Il corso di matematica era tenuto da una brava, giovane docente con una bella faccia tonda che mi è rimasta impressa: Anna Bauman. Questo nome allora non mi diceva niente. Anni dopo venni a sapere che era la figlia del filosofo Zygmunt Bauman, che sarebbe divenuto molto famoso negli anni ’80. Quel corso di matematica mi andò bene. Era il primo esame in assoluto dell’anno e presi 100 (una sorta di rivincita rispetto al magro risultato che avevo ottenuto in matematica l’anno prima alla maturità, che per fortuna fu allora compensato dai voti nelle altre materie).

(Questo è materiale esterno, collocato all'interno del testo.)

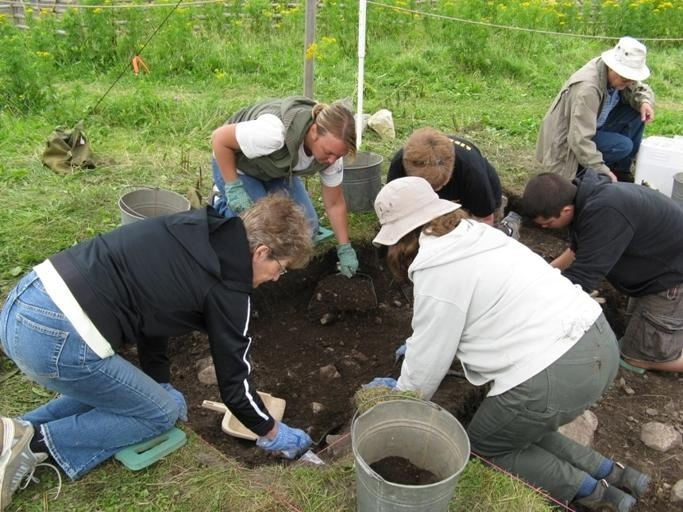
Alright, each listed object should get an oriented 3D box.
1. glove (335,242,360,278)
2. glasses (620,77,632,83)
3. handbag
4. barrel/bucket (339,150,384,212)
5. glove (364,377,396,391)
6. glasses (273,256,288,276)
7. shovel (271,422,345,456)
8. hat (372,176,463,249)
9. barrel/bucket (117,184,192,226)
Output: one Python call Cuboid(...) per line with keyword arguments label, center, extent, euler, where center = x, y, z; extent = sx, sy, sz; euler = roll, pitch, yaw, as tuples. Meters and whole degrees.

Zygmunt Bauman (1925-2017), filosofo ebreo polacco

Anche in Fisica andai bene e presi 95, se ben ricordo fu il terzo miglior voto della classe (eravamo una settantina in quella classe). In Israele i voti sopra al 90 sono considerati eccellenti. I buoni voti iniziali però mi abituarono male: infatti, quando in altri corsi presi meno di 90 ne fui contrariato. All’esame di Chimica generale ottenni 80 e feci ricorso (era abbastanza comune fare ricorso, visto che gli esami sono scritti e non c’è modo di contestare al momento). Non lo vinsi. Il prof del corso (Jacob Shamir) mi disse: “Ma di che ti lamenti, 80 è un ottimo voto!”. Le sue parole mi rassicurarono e ho un ottimo ricordo di lui e delle sue lezioni. Il prof. Shamir era uno dei pochissimi docenti che portava la kippà (ne ricordo solo altri due o tre, e anche fra gli allievi i religiosi erano pochissimi: solo una o due kippòt oltre alla mia). A volte, vedevo di Shabbat al tempio anche chi non portava abitualmente la kippà. Una volta, nell’ascensore alla Hadassah, durante il Master, vidi un professore della Facoltà di Dentistica senza kippà ma sotto la camicia intravidi il segno evidente del talled qatan. Della serie, non solo l’abito non fa il monaco, ma può capitare che uno sia monaco senza averne l’abito.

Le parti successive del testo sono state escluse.